有!
岸边章楶静静望着河面,只看李俊撑篙控舟的手法,心中疑虑便消了大半,一眼断定这四人是实打实精通水性的好手。
尤其是蹲在船头的张顺,身子大半探在外,看着仿佛下一刻就要失衡落水,
可身形稳如扎根船上,一举一动驾轻就熟,不见慌乱僵硬,绝非西北旱鸭子可比。
李俊运桨轻点水面,窄舟贴着岸边黑影悄无声息向南水门疾行,舟尾数百名熟悉水性的西军精锐乘舟紧随,隐在滩涂阴影里待命。
只待四人拿下水门、传出信号,便立刻冲入水道,合力夺下南城门。
李俊虽从未踏足湟水河道,可自幼生长浔阳江,观水辨势乃是刻在骨子里的本事。
夜色之下只凭水流波纹起伏,便能精准判明水下暗礁乱石的位置,几番轻巧转舵避开水下隐患,不多时便悄然行至南城水门水道入口。

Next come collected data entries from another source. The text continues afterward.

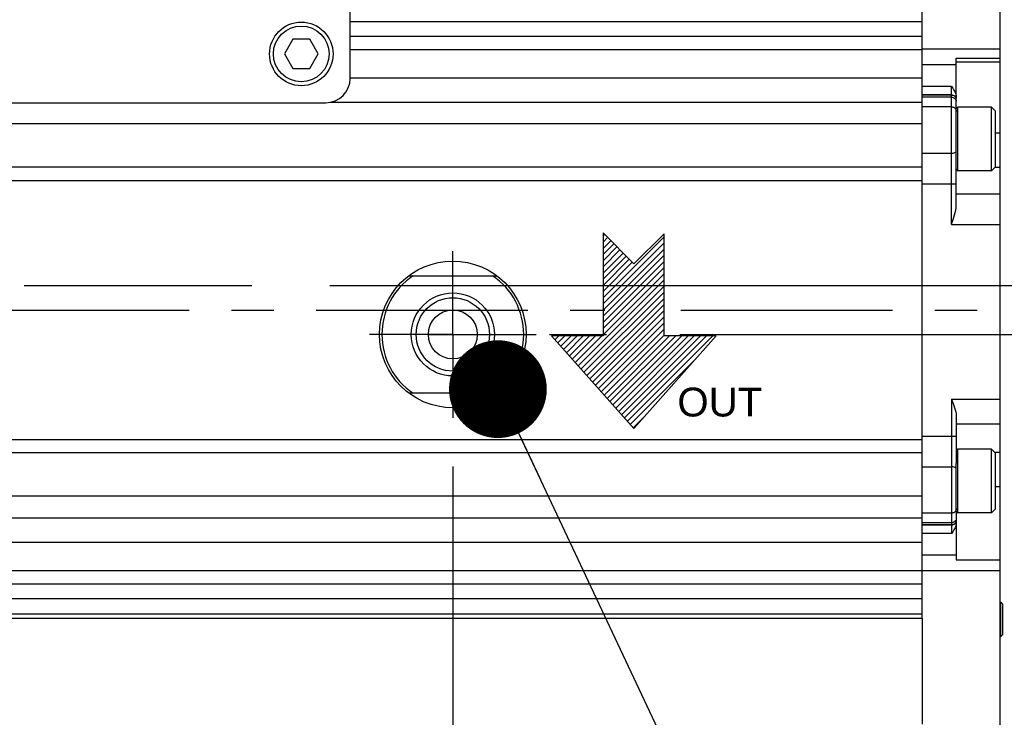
# Model space of a CAD drawing. Header units: millimetres. Extents: x 0 to 420, y 0 to 297.
# Tile 32 of 68: x 167 to 208, y 182 to 211. Entities that reach past the tile are written whole.
import ezdxf

# ---------------------------------------------------------------- set-up
doc = ezdxf.new("R2010")
doc.units = ezdxf.units.MM
doc.header["$LTSCALE"] = 23.1
doc.linetypes.add('CENTER', pattern=[0.6, 0.375, -0.075, 0.075, -0.075])
doc.layers.get('0').update_dxf_attribs({"linetype": 'CONTINUOUS'})
for name, color, linetype in [('AXIS', 7, 'CONTINUOUS'), ('COMPONENTS', 7, 'CONTINUOUS'), ('CUT', 7, 'CONTINUOUS'), ('DETAIL', 7, 'CONTINUOUS'), ('DIMENSION', 7, 'CONTINUOUS'), ('PROTRUSION', 7, 'CONTINUOUS')]:
    doc.layers.add(name, color=color, linetype=linetype)
doc.styles.get("Standard").update_dxf_attribs({"font": 'arial.ttf'})
doc.styles.add('TEXTSTYLE_11', font='arial.ttf')
doc.dimstyles.new('DIMSTYLE_11', dxfattribs={"dimtxt": 3, "dimasz": 4, "dimexe": 0.18, "dimexo": 0.0625, "dimgap": 0.09, "dimtad": 1, "dimdec": 3, "dimlfac": 5, "dimdsep": 46, "dimtxsty": 'STANDARD', "dimblk": '_FILLED', "dimblk1": '_FILLED', "dimblk2": '_FILLED', "dimcen": 0.09, "dimadec": 0, "dimazin": 0, "dimtp": 0.3, "dimtm": 0.3, "dimtfac": 1, "dimtdec": 3, "dimtofl": 0, "dimtmove": 0, "dimatfit": 3, "dimldrblk": '_FILLED', "dimfxl": 1, "dimtolj": 1, "dimarcsym": 0})
doc.dimstyles.new('DIMSTYLE_9', dxfattribs={"dimtxt": 3, "dimasz": 4, "dimexe": 0.18, "dimexo": 0.0625, "dimgap": 0.09, "dimtad": 1, "dimdec": 3, "dimlfac": 5, "dimdsep": 46, "dimtxsty": 'STANDARD', "dimblk": '_FILLED', "dimblk1": '_FILLED', "dimblk2": '_FILLED', "dimcen": 0.09, "dimadec": 0, "dimazin": 0, "dimtp": 0.2, "dimtm": 0.2, "dimtfac": 1, "dimtdec": 3, "dimtofl": 0, "dimtmove": 0, "dimatfit": 3, "dimldrblk": '_FILLED', "dimfxl": 1, "dimtolj": 1, "dimarcsym": 0})
doc.dimstyles.get("Standard").update_dxf_attribs({"dimtxt": 3, "dimasz": 4, "dimexe": 0.18, "dimexo": 0.0625, "dimgap": 0.09, "dimtad": 1, "dimdec": 3, "dimdsep": 46, "dimtxsty": 'STANDARD', "dimblk": '_FILLED', "dimblk1": '_FILLED', "dimblk2": '_FILLED', "dimcen": 0.09, "dimadec": 0, "dimazin": 0, "dimtol": 1, "dimtp": 0.001, "dimtm": 0.001, "dimtfac": 1, "dimtdec": 3, "dimtofl": 0, "dimtmove": 0, "dimatfit": 3, "dimldrblk": '_FILLED', "dimfxl": 1, "dimtolj": 1, "dimarcsym": 0})

# ---------------------------------------------------------------- blocks, each defined once
blk = doc.blocks.new('_FILLED')
at = {"color": 0, "linetype": 'BYBLOCK'}
blk.add_solid([(0, 0), (-1, 0.1625), (-1, -0.1625)], dxfattribs=at)
blk = doc.blocks.new('*D14')
at = {"layer": 'DIMENSION', "color": 2, "linetype": 'CONTINUOUS'}
for p, q in [((217.53, 199.795), (217.53, 208.592)), ((217.53, 208.592), (217.53, 198.795)), ((167.487, 199.795), (176.803, 199.795)), ((179.998, 199.795), (219.53, 199.795)), ((217.53, 191.795), (217.53, 198.795)), ((188.987, 197.795), (191.319, 197.795)), ((194.311, 197.795), (219.53, 197.795)), ((217.53, 197.795), (217.53, 191.795))]:
    blk.add_line(p, q, dxfattribs=at)
at = {"layer": 'DIMENSION', "color": 2, "linetype": 'CONTINUOUS', "xscale": 4, "yscale": 4, "zscale": 4}
for p, rotation in [((217.53, 199.795), 270), ((217.53, 197.795), 90)]:
    blk.add_blockref('_FILLED', p, dxfattribs=dict(at, rotation=rotation))
at = {"layer": 'DIMENSION', "color": 2, "linetype": 'CONTINUOUS', "insert": (213.78, 203.93), "char_height": 3, "width": 4.66171, "attachment_point": 1, "rotation": 90, "line_spacing_factor": 0.9}
blk.add_mtext('10', dxfattribs=at)
blk = doc.blocks.new('*D16')
at = {"color": 2, "linetype": 'CONTINUOUS'}
for p, q in [((162.83, 194.509), (162.83, 164.549)), ((185.03, 192.388), (185.03, 164.549)), ((162.83, 166.549), (156.83, 166.549)), ((156.83, 166.549), (173.93, 166.549)), ((191.03, 166.549), (173.93, 166.549)), ((185.03, 166.549), (191.03, 166.549))]:
    blk.add_line(p, q, dxfattribs=at)
at = {"color": 2, "linetype": 'CONTINUOUS', "xscale": 4, "yscale": 4, "zscale": 4}
blk.add_blockref('_FILLED', (162.83, 166.549), dxfattribs=at)
at = {"color": 2, "linetype": 'CONTINUOUS', "xscale": 4, "yscale": 4, "zscale": 4, "rotation": 180}
blk.add_blockref('_FILLED', (185.03, 166.549), dxfattribs=at)
at = {"color": 2, "linetype": 'CONTINUOUS', "insert": (173.93, 170.299), "char_height": 3, "width": 6.99257, "attachment_point": 2, "line_spacing_factor": 0.9}
blk.add_mtext('111', dxfattribs=at)
blk = doc.blocks.new('COOLING_IN_BL2', base_point=(193.377, 197.946))
at = {"layer": 'DETAIL', "color": 5, "linetype": 'CONTINUOUS'}
for p, q in [((191.174, 201.946), (191.174, 197.735)), ((192.437, 200.683), (191.174, 201.946)), ((191.174, 201.818), (191.238, 201.882)), ((193.669, 201.915), (192.437, 200.683)), ((193.669, 197.735), (193.669, 201.915)), ((191.174, 199.297), (193.669, 201.793)), ((191.174, 201.566), (191.364, 201.756)), ((191.174, 201.314), (191.49, 201.63)), ((191.174, 199.045), (193.669, 201.541)), ((191.174, 201.062), (191.616, 201.504)), ((191.174, 200.81), (191.742, 201.378)), ((191.174, 198.793), (193.669, 201.289)), ((191.174, 200.558), (191.868, 201.252)), ((191.174, 200.306), (191.994, 201.126)), ((191.174, 198.541), (193.669, 201.037)), ((191.174, 200.053), (192.12, 201)), ((191.174, 199.801), (192.246, 200.874)), ((191.174, 198.289), (193.669, 200.785)), ((191.174, 199.549), (192.372, 200.748)), ((191.174, 198.037), (193.669, 200.533)), ((191.174, 197.785), (193.669, 200.28)), ((190.154, 196.514), (193.669, 200.028)), ((190.273, 196.38), (193.669, 199.776)), ((190.392, 196.247), (193.669, 199.524)), ((190.51, 196.113), (193.669, 199.272)), ((190.629, 195.98), (193.669, 199.02)), ((190.748, 195.846), (193.669, 198.768)), ((190.866, 195.713), (193.669, 198.516)), ((190.985, 195.579), (193.669, 198.264)), ((191.103, 195.446), (193.669, 198.012)), ((191.174, 197.735), (189.068, 197.735)), ((189.068, 197.735), (192.437, 193.946)), ((189.087, 197.715), (189.108, 197.735)), ((189.205, 197.581), (189.36, 197.735)), ((189.324, 197.448), (189.612, 197.735)), ((189.443, 197.314), (189.864, 197.735)), ((189.561, 197.181), (190.116, 197.735)), ((189.68, 197.047), (190.368, 197.735)), ((189.799, 196.914), (190.62, 197.735)), ((189.917, 196.78), (190.872, 197.735)), ((190.036, 196.647), (191.124, 197.735)), ((191.222, 195.312), (193.669, 197.76)), ((191.341, 195.179), (193.897, 197.735)), ((191.459, 195.046), (194.149, 197.735)), ((191.578, 194.912), (194.401, 197.735)), ((191.697, 194.779), (194.653, 197.735)), ((191.815, 194.645), (194.905, 197.735)), ((191.934, 194.512), (195.158, 197.735)), ((192.052, 194.378), (195.41, 197.735)), ((192.171, 194.245), (195.662, 197.735)), ((192.437, 193.946), (195.805, 197.735)), ((195.805, 197.735), (193.669, 197.735)), ((192.29, 194.111), (194.937, 196.758)), ((192.408, 193.978), (192.92, 194.49))]:
    blk.add_line(p, q, dxfattribs=at)
at = {"layer": 'DETAIL', "color": 2, "linetype": 'CONTINUOUS', "style": 'TEXTSTYLE_11'}
blk.add_text('OUT', height=1.1789, dxfattribs=at).set_placement((194.215, 194.439))

msp = doc.modelspace()

# ---------------------------------------------------------------- linework, layer by layer
at = {"color": 7, "linetype": 'CONTINUOUS'}
for p, q in [((207.06961, 207.09505), (205.69661, 207.09505)), ((207.06961, 207.09505), (207.22961, 206.93505)), ((207.06961, 204.49505), (207.06961, 207.09505)), ((205.62961, 205.07485), (205.62961, 207.01926)), ((207.22961, 204.65505), (207.22961, 206.93505)), ((207.06961, 204.49505), (207.22961, 204.65505)), ((207.06961, 204.49505), (205.69661, 204.49505)), ((184.02961, 197.79505), (186.02961, 197.79505)), ((207.06961, 193.09505), (205.69661, 193.09505)), ((207.06961, 193.09505), (207.22961, 192.93505)), ((207.06961, 190.49505), (207.06961, 193.09505)), ((207.22961, 190.65505), (207.22961, 192.93505)), ((205.62961, 190.57085), (205.62961, 192.51526)), ((207.06961, 190.49505), (207.22961, 190.65505)), ((207.06961, 190.49505), (205.69661, 190.49505)), ((207.42961, 186.83784), (207.44961, 186.83784)), ((207.44961, 186.83784), (207.52961, 186.75784)), ((207.44961, 185.43784), (207.44961, 186.83784)), ((207.52961, 185.51784), (207.52961, 186.75784)), ((207.42961, 185.43784), (207.44961, 185.43784)), ((207.44961, 185.43784), (207.52961, 185.51784))]:
    msp.add_line(p, q, dxfattribs=at)
at = {"color": 9, "linetype": 'CONTINUOUS'}
for p, q in [((205.69661, 204.49505), (205.69661, 207.09505)), ((205.69661, 190.49505), (205.69661, 193.09505))]:
    msp.add_line(p, q, dxfattribs=at)
at = {"color": 7, "linetype": 'CONTINUOUS'}
for centre, start, end in [((205.69661, 207.02805), 90, 180), ((205.69661, 204.56205), 180, 270), ((205.69661, 193.02805), 90, 180), ((205.69661, 190.56205), 180, 270)]:
    msp.add_arc(centre, 0.067, start, end, dxfattribs=at)
at = {"layer": 'AXIS', "color": 7, "linetype": 'CONTINUOUS'}
for p, q in [((204.22961, 189.29505), (204.22961, 208.29505)), ((180.03527, 207.29505), (204.22961, 207.29505)), ((204.22961, 206.40827), (145.82961, 206.40827)), ((204.22961, 204.63311), (145.82961, 204.63311)), ((145.82961, 204.09505), (204.22961, 204.09505)), ((145.82961, 193.49505), (204.22961, 193.49505)), ((204.22961, 192.957), (145.82961, 192.957)), ((204.22961, 191.18184), (145.82961, 191.18184)), ((145.82961, 190.29505), (204.22961, 190.29505))]:
    msp.add_line(p, q, dxfattribs=at)
at = {"layer": 'AXIS', "color": 2, "linetype": 'CENTER'}
for p, q in [((185.02961, 197.79505), (185.02961, 201.20191)), ((124.00213, 198.79505), (191.24731, 198.79505)), ((194.35522, 198.79505), (207.86226, 198.79505)), ((185.02961, 197.79505), (181.62276, 197.79505)), ((185.02961, 197.79505), (188.43647, 197.79505)), ((185.02961, 197.79505), (185.02961, 194.3882))]:
    msp.add_line(p, q, dxfattribs=at)
at = {"layer": 'COMPONENTS', "color": 7, "linetype": 'CONTINUOUS'}
for p, q in [((207.42961, 179.69505), (207.42961, 217.89505)), ((180.82961, 208.27317), (180.82961, 211.27317)), ((178.4832, 209.87317), (178.13679, 209.27317)), ((179.17602, 209.87317), (178.4832, 209.87317)), ((179.52243, 209.27317), (179.17602, 209.87317)), ((178.13679, 209.27317), (178.4832, 208.67317)), ((179.17602, 208.67317), (179.52243, 209.27317)), ((205.62961, 207.01911), (205.62961, 209.10354)), ((178.4832, 208.67317), (179.17602, 208.67317)), ((164.82961, 207.27317), (179.82961, 207.27317)), ((205.62961, 203.07201), (205.62961, 205.07485)), ((183.22961, 200.19505), (186.82961, 200.19505)), ((186.82961, 195.39505), (183.22961, 195.39505)), ((205.62961, 194.45633), (205.62961, 192.51526)), ((205.62961, 190.571), (205.62961, 188.57103)), ((205.62961, 188.57103), (207.42961, 188.57103))]:
    msp.add_line(p, q, dxfattribs=at)
at = {"layer": 'COMPONENTS', "color": 9, "linetype": 'CONTINUOUS'}
for p, q in [((207.42961, 209.46681), (204.22961, 209.46681)), ((205.62961, 209.10354), (207.42961, 209.10354)), ((205.62961, 208.8265), (204.22961, 208.8265)), ((205.62961, 208.94959), (207.42961, 208.94959)), ((205.42961, 207.94505), (204.22961, 207.94505)), ((205.42961, 202.29741), (205.42961, 207.94505)), ((205.42961, 207.59864), (204.22961, 207.59864)), ((205.42961, 207.59008), (204.22961, 207.59008)), ((205.42961, 207.50168), (204.22961, 207.50168)), ((205.42961, 207.11062), (204.22961, 207.11062)), ((207.42961, 206.02608), (207.22961, 206.02608)), ((204.22961, 205.21182), (205.42961, 205.21182)), ((207.42961, 204.62703), (207.20159, 204.62703)), ((204.22961, 203.96202), (205.62961, 203.96202)), ((205.62961, 203.5433), (207.42961, 203.5433)), ((205.42961, 202.29741), (207.42961, 202.29741)), ((205.42961, 195.14915), (207.42961, 195.14915)), ((205.42961, 195.14915), (205.42961, 189.64505)), ((205.62961, 194.13687), (207.42961, 194.13687)), ((204.22961, 193.62808), (205.62961, 193.62808)), ((207.42961, 192.96308), (207.20159, 192.96308)), ((204.22961, 192.37829), (205.42961, 192.37829)), ((207.42961, 191.56402), (207.22961, 191.56402)), ((205.42961, 190.47948), (204.22961, 190.47948)), ((205.42961, 190.08843), (204.22961, 190.08843)), ((205.42961, 190.00003), (204.22961, 190.00003)), ((205.42961, 189.99146), (204.22961, 189.99146)), ((205.42961, 189.64505), (204.22961, 189.64505)), ((205.62961, 188.7636), (204.22961, 188.7636)), ((207.42961, 188.1233), (204.22961, 188.1233))]:
    msp.add_line(p, q, dxfattribs=at)
at = {"layer": 'COMPONENTS', "color": 7, "linetype": 'CONTINUOUS'}
for centre, radius in [((178.82961, 209.27317), 1.3), ((178.82961, 209.27317), 1.14), ((185.02961, 197.79505), 3), ((185.02961, 197.79505), 1.7), ((185.02961, 197.79505), 1.5), ((185.02961, 197.79505), 1)]:
    msp.add_circle(centre, radius, dxfattribs=at)
for centre, radius, start, end in [((179.82961, 208.27317), 1, 270, 360), ((185.02961, 197.79505), 2.90001, 124.148424, 235.851576), ((185.02961, 197.79505), 2.90001, 304.148424, 55.851576)]:
    msp.add_arc(centre, radius, start, end, dxfattribs=at)
at = {"layer": 'COMPONENTS', "color": 9, "linetype": 'CONTINUOUS'}
for centre, radius, start, end in [((205.47476, 207.41599), 0.15492, 8.723457, 17.162645), ((205.47993, 207.42534), 0.14969, 0.036284, 8.722529), ((205.47887, 207.41666), 0.15075, 3.326647, 8.708194), ((205.45372, 207.31365), 0.1759, 0.029144, 8.045387), ((205.48207, 207.41687), 0.14755, 0.004751, 3.318875)]:
    msp.add_arc(centre, radius, start, end, dxfattribs=at)
at = {"layer": 'COMPONENTS', "color": 7, "linetype": 'CONTINUOUS'}
for points, knots in [([(205.42961, 207.94505), (205.50113, 207.84391), (205.60068, 207.70492), (205.62961, 207.53922), (205.62961, 207.49784)], [0, 0, 0, 0, 0.74960343, 1, 1, 1, 1]), ([(205.42961, 202.29741), (205.47566, 202.42765), (205.56386, 202.67861), (205.62961, 202.94279), (205.62961, 203.07201)], [0, 0, 0, 0, 0.5166844, 1, 1, 1, 1]), ([(205.42961, 195.14915), (205.47544, 195.03232), (205.56231, 194.80914), (205.62961, 194.57192), (205.62961, 194.45633)], [0, 0, 0, 0, 0.52054438, 1, 1, 1, 1]), ([(205.62961, 190.09227), (205.62961, 190.05085), (205.60066, 189.88514), (205.50111, 189.74617), (205.42961, 189.64505)], [0, 0, 0, 0, 0.25062564, 1, 1, 1, 1])]:
    msp.add_open_spline(points, degree=3, knots=knots, dxfattribs=at)
at = {"layer": 'COMPONENTS', "color": 9, "linetype": 'CONTINUOUS'}
for points, knots in [([(205.42961, 207.59864), (205.47584, 207.59864), (205.56759, 207.57224), (205.62151, 207.48972), (205.62788, 207.44804)], [0, 0, 0, 0, 0.5229815, 1, 1, 1, 1]), ([(205.42961, 207.59008), (205.47191, 207.59008), (205.55544, 207.56783), (205.61128, 207.49895), (205.62278, 207.4617)], [0, 0, 0, 0, 0.52041832, 1, 1, 1, 1]), ([(205.42961, 207.50168), (205.47623, 207.50168), (205.57109, 207.47036), (205.62163, 207.38262), (205.62788, 207.33827)], [0, 0, 0, 0, 0.51000205, 1, 1, 1, 1]), ([(205.42961, 207.11062), (205.47221, 207.11062), (205.55833, 207.08465), (205.61154, 207.01084), (205.62278, 206.97132)], [0, 0, 0, 0, 0.50900026, 1, 1, 1, 1]), ([(205.42961, 205.21182), (205.47745, 205.21182), (205.54753, 205.21632), (205.62961, 205.26744), (205.62961, 205.29514)], [0, 0, 0, 0, 0.63334482, 1, 1, 1, 1]), ([(205.62961, 192.29497), (205.62961, 192.32266), (205.54753, 192.37379), (205.47745, 192.37829), (205.42961, 192.37829)], [0, 0, 0, 0, 0.36665518, 1, 1, 1, 1]), ([(205.62278, 190.61879), (205.61154, 190.57926), (205.55833, 190.50546), (205.47221, 190.47948), (205.42961, 190.47948)], [0, 0, 0, 0, 0.49099974, 1, 1, 1, 1]), ([(205.58828, 190.06779), (205.5596, 190.03541), (205.50303, 190.0056), (205.44481, 190.00003), (205.42961, 190.00003)], [0, 0, 0, 0, 0.74007882, 1, 1, 1, 1]), ([(205.58828, 190.05923), (205.5596, 190.02685), (205.50303, 189.99704), (205.44481, 189.99146), (205.42961, 189.99146)], [0, 0, 0, 0, 0.74007882, 1, 1, 1, 1])]:
    msp.add_open_spline(points, degree=3, knots=knots, dxfattribs=at)
for points in [[(205.62278, 206.97132), (205.62726, 206.95557), (205.62961, 206.93906), (205.62961, 206.92268)], [(205.62961, 190.66742), (205.62961, 190.65105), (205.62726, 190.63453), (205.62278, 190.61879)], [(205.58828, 190.16196), (205.55142, 190.1168), (205.48791, 190.08843), (205.42961, 190.08843)], [(205.62961, 190.27636), (205.62961, 190.23582), (205.61392, 190.19337), (205.58828, 190.16196)], [(205.62961, 190.17323), (205.62961, 190.15812), (205.62723, 190.14285), (205.62278, 190.12841)], [(205.62961, 190.16467), (205.62961, 190.14955), (205.62723, 190.13429), (205.62278, 190.11985)], [(205.62278, 190.12841), (205.61592, 190.10619), (205.60369, 190.0852), (205.58828, 190.06779)], [(205.62278, 190.11985), (205.61592, 190.09763), (205.60369, 190.07663), (205.58828, 190.05923)]]:
    msp.add_open_spline(points, degree=3, dxfattribs=at)
at = {"layer": 'CUT', "color": 7, "linetype": 'CONTINUOUS'}
for p, q in [((204.22961, 208.30771), (204.22961, 211.40438)), ((180.82961, 210.59505), (204.22961, 210.59505)), ((180.82961, 209.99505), (204.22961, 209.99505)), ((180.82961, 209.46037), (204.22961, 209.46037)), ((180.82961, 208.29505), (204.22961, 208.29505)), ((145.82961, 189.29505), (204.22961, 189.29505)), ((204.22961, 186.18573), (204.22961, 189.2824)), ((145.82961, 188.12974), (204.22961, 188.12974)), ((145.82961, 187.59505), (204.22961, 187.59505)), ((145.82961, 186.99505), (204.22961, 186.99505)), ((145.82961, 186.36237), (204.22961, 186.36237))]:
    msp.add_line(p, q, dxfattribs=at)
at = {"layer": 'PROTRUSION', "color": 7, "linetype": 'CONTINUOUS'}
for p, q in [((145.82961, 186.18573), (204.22961, 186.18573)), ((204.22961, 186.18573), (204.22961, 181.84732))]:
    msp.add_line(p, q, dxfattribs=at)

# ---------------------------------------------------------------- block references
at = {"layer": 'DETAIL', "color": 2, "linetype": 'CONTINUOUS'}
msp.add_blockref('COOLING_IN_BL2', (193.37746, 197.94599), dxfattribs=at)

# ---------------------------------------------------------------- dimensions: what is measured, and where the dimension line sits
at = {"color": 2, "linetype": 'CONTINUOUS'}
dim = msp.add_linear_dim(base=(185.02961, 166.54886), p1=(162.82961, 194.50908), p2=(185.02961, 192.3882), dimstyle='DIMSTYLE_11', dxfattribs=at)
dim.commit()
dim.dimension.update_dxf_attribs({"geometry": '*D16', "text_midpoint": (170.43333, 168.79886), "dimtype": 160})
at = {"layer": 'DIMENSION', "color": 2, "linetype": 'CONTINUOUS'}
dim = msp.add_linear_dim(base=(217.52961, 197.79505), p1=(167.48734, 199.79505), p2=(188.98749, 197.79505), angle=270, dimstyle='DIMSTYLE_9', dxfattribs=at)
dim.commit()
dim.dimension.update_dxf_attribs({"geometry": '*D14', "text_midpoint": (215.27961, 206.26126), "dimtype": 160})

# ---------------------------------------------------------------- leaders
at = {"layer": 'DETAIL', "color": 2, "linetype": 'CONTINUOUS'}
msp.add_leader([(186.87327, 195.55655), (199.06838, 169.63168), (202.22166, 169.63168)], dimstyle='STANDARD', override={"dimtad": 0, "dimldrblk": 'DOT'}, dxfattribs=at)

doc.saveas('drawing.dxf')

小舟在阴影里稳稳停住,李俊侧头看向船头,压低声音低喝:“张顺,看你的了。”
张顺咧嘴一笑,自信满满:
“哥哥尽管放宽心,这点寒水在我眼中,和温顺听话的小娘子别无二致。”
话音未落,他不做半分迟疑,腰身一拧纵身跃入九月冰凉的湟水,身形入水无声,
如同一条白鱼,顺着水流朝着水闸方向急速潜游而去。
南城水道内侧,苏南抹令咓早已亲率自家私兵,借着巡防城池的由头赶到此处。
丹波秃令结心知南水门是全城取水要道,不敢松懈,特意指派心腹段首,带五十名部族士卒把守闸口。
那段首见苏南抹令咓带兵前来,心生疑惑,上前拱手诘问:
“苏南大酋,眼下宋贼四面猛攻,城头吃紧,你不去城头辅佐丹波首领御敌,反倒来这水道做什么?”
苏南抹令咓神色平淡,随口搪塞:
“有丹波首领统筹全局,湟州夯城坚不可摧,哪里会轻易出事。
我领人巡查城内各处要道,以防宋军别有诡计。”
说罢他故作漫不经心地扫过值守蕃兵,开口问道:“此处守备可还安稳?”
段首傲然挺胸,全然没有半点提防:“有我五十弟兄在此把守,莫说宋贼兵卒,便是一只老鼠也休想从水道钻进城来。”
苏南抹令咓假意松了口气,颔首笑道:“既然如此我便安心,再去其余城门巡查一圈。”
段首见他一副公事公办巡城的模样,心中戒备散去,还带着两名贴身亲兵上前,客套着要送苏南抹令咓离开闸口。